**BRIEF**
Of all the lines below, output only those starting at the one with "text 2. In afwijking" and ending at the one with "text 3. In post", both ends included, exactly as written.

**RECORDS TO PROCESS**

================

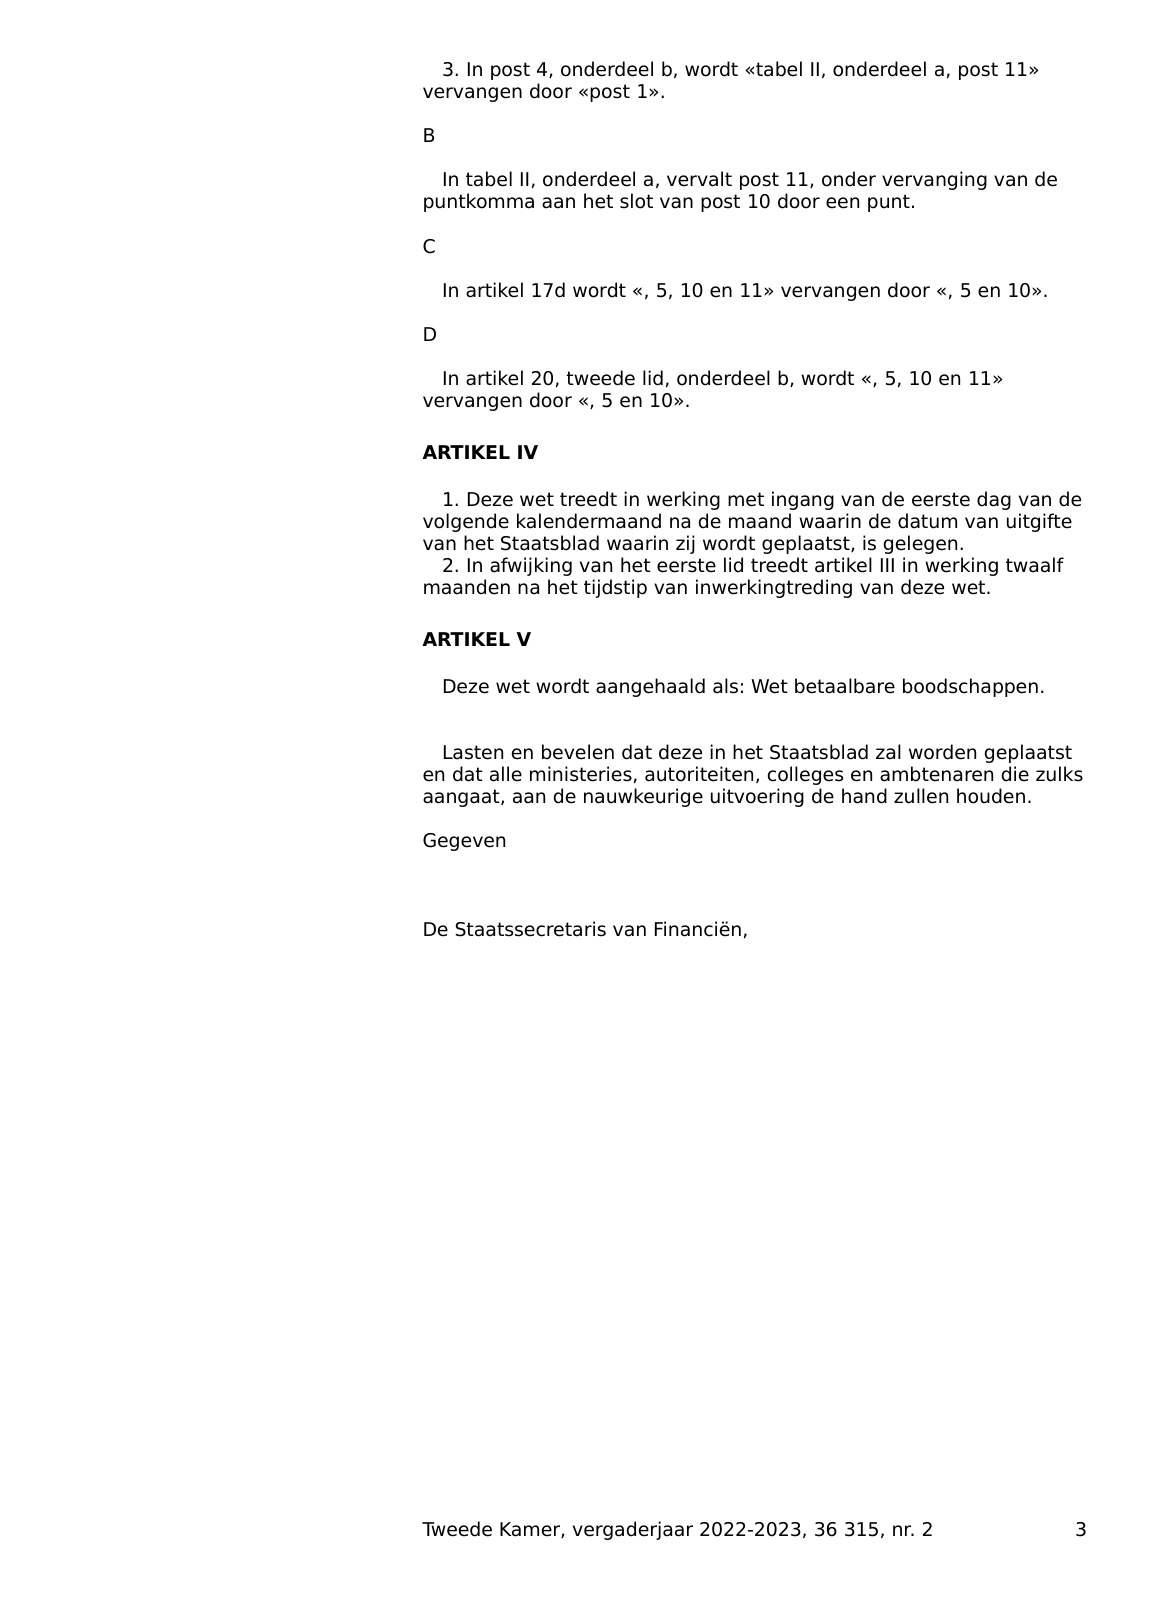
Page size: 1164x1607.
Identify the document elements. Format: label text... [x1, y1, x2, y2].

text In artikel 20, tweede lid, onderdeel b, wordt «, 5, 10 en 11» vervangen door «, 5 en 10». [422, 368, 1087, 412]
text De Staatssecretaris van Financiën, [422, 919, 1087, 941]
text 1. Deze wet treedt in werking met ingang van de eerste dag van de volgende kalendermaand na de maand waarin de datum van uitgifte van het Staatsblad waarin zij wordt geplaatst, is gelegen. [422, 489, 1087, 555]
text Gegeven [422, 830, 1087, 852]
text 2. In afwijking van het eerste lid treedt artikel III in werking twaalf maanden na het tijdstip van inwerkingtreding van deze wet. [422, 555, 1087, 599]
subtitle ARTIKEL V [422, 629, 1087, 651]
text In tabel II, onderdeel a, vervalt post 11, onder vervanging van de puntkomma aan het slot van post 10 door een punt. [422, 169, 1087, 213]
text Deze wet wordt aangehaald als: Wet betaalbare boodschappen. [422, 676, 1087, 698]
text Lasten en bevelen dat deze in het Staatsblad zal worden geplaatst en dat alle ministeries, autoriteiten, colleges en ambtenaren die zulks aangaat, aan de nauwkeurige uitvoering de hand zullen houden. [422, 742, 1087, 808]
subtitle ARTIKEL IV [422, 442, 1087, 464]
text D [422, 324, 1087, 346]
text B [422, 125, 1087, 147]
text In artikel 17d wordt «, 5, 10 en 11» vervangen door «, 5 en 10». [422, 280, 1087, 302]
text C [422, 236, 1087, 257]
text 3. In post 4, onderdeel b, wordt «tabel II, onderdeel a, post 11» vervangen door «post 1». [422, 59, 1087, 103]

================

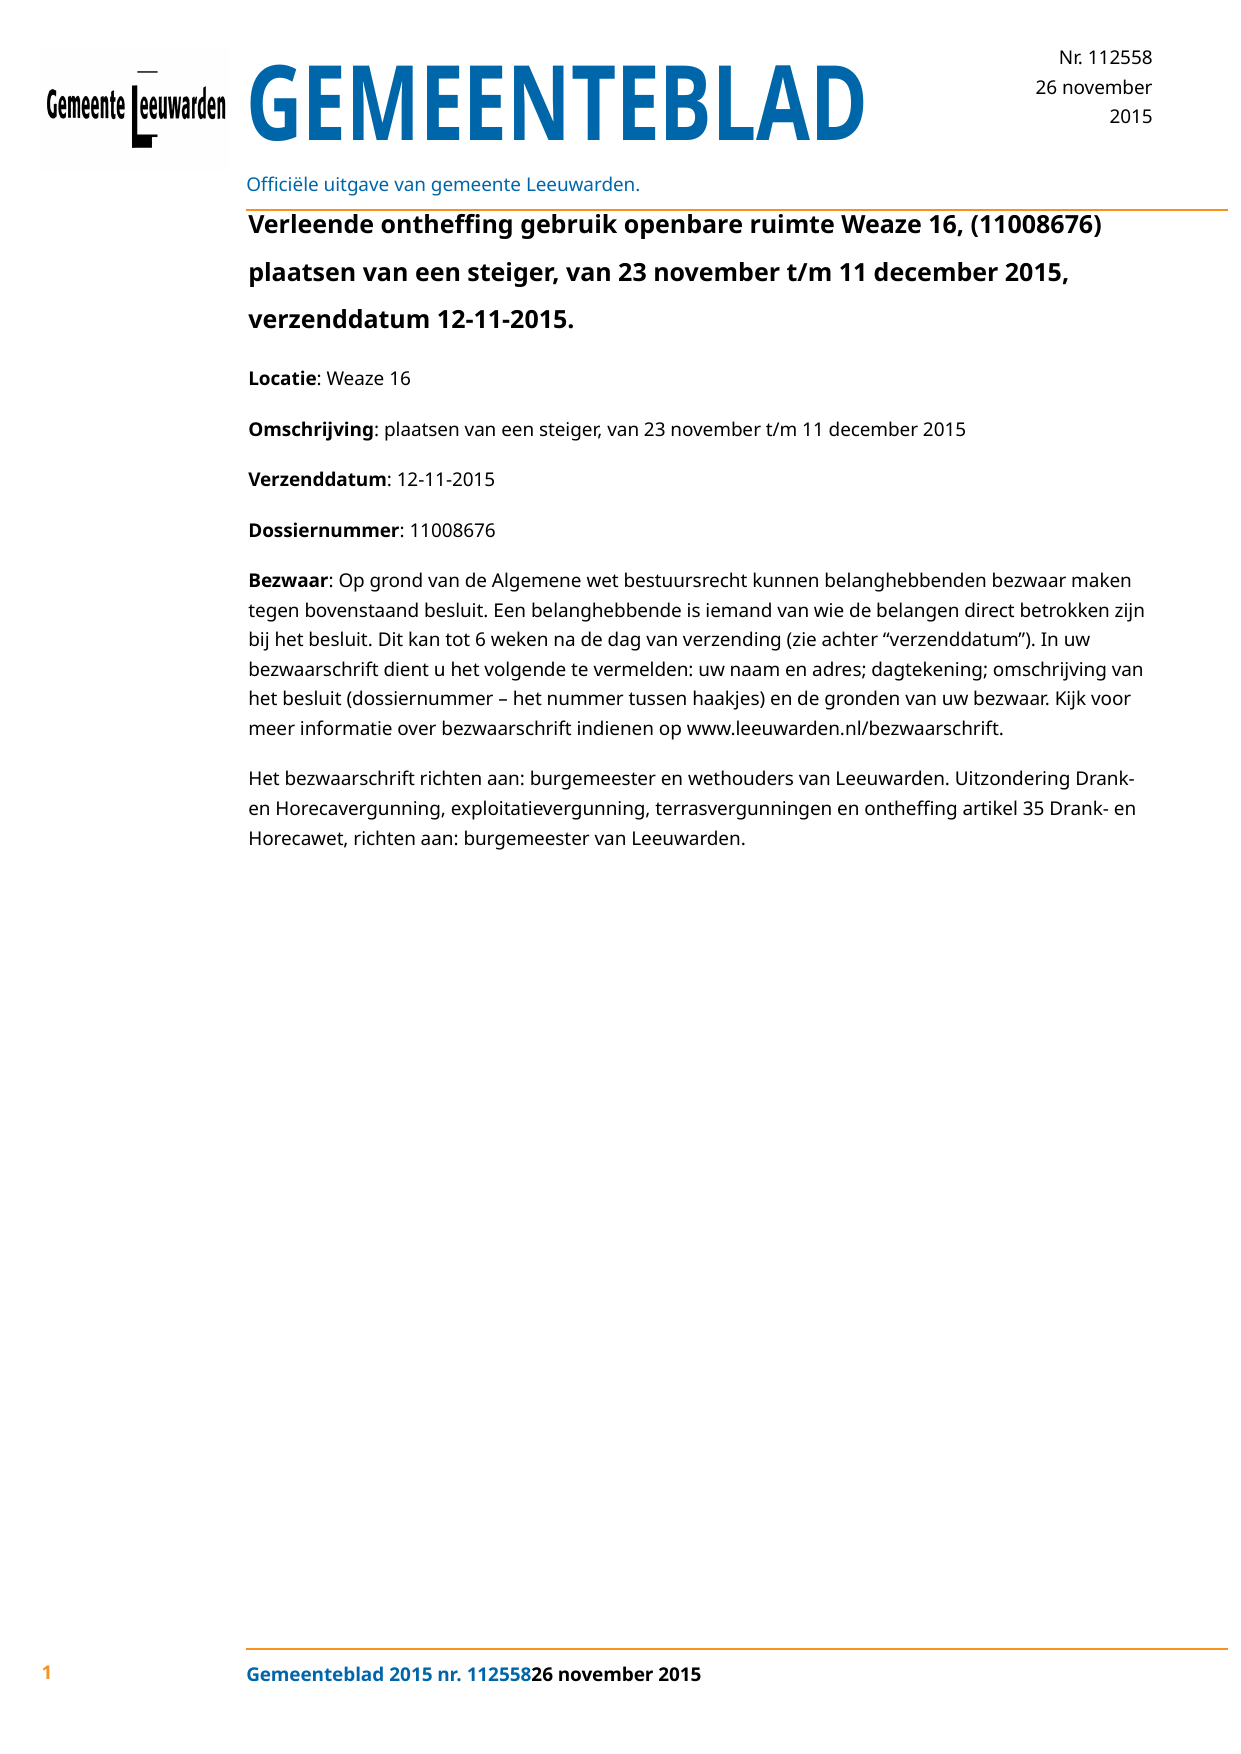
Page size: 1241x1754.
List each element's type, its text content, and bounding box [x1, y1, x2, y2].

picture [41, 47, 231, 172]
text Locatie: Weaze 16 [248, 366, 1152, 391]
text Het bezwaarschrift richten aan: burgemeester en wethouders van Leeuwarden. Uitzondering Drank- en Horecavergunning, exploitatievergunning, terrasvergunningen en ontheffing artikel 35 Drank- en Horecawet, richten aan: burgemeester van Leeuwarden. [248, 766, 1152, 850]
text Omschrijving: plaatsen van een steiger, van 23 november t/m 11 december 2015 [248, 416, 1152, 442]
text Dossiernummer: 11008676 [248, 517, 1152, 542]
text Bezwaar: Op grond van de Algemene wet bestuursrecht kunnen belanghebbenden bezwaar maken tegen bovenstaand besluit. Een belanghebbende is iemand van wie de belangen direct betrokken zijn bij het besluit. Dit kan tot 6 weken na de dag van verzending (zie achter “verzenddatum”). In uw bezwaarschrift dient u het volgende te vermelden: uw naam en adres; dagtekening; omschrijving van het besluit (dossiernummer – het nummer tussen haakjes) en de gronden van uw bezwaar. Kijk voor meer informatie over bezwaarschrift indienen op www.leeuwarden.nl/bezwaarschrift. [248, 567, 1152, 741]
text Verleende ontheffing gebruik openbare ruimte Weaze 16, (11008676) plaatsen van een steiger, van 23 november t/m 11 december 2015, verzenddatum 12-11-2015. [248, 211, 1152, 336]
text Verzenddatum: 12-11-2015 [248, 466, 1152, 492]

================

**ANSWER TO THE EXERCISE**
text 2. In afwijking van het eerste lid treedt artikel III in werking twaalf maanden na het tijdstip van inwerkingtreding van deze wet. [422, 555, 1087, 599]
subtitle ARTIKEL V [422, 629, 1087, 651]
text In tabel II, onderdeel a, vervalt post 11, onder vervanging van de puntkomma aan het slot van post 10 door een punt. [422, 169, 1087, 213]
text Deze wet wordt aangehaald als: Wet betaalbare boodschappen. [422, 676, 1087, 698]
text Lasten en bevelen dat deze in het Staatsblad zal worden geplaatst en dat alle ministeries, autoriteiten, colleges en ambtenaren die zulks aangaat, aan de nauwkeurige uitvoering de hand zullen houden. [422, 742, 1087, 808]
subtitle ARTIKEL IV [422, 442, 1087, 464]
text D [422, 324, 1087, 346]
text B [422, 125, 1087, 147]
text In artikel 17d wordt «, 5, 10 en 11» vervangen door «, 5 en 10». [422, 280, 1087, 302]
text C [422, 236, 1087, 257]
text 3. In post 4, onderdeel b, wordt «tabel II, onderdeel a, post 11» vervangen door «post 1». [422, 59, 1087, 103]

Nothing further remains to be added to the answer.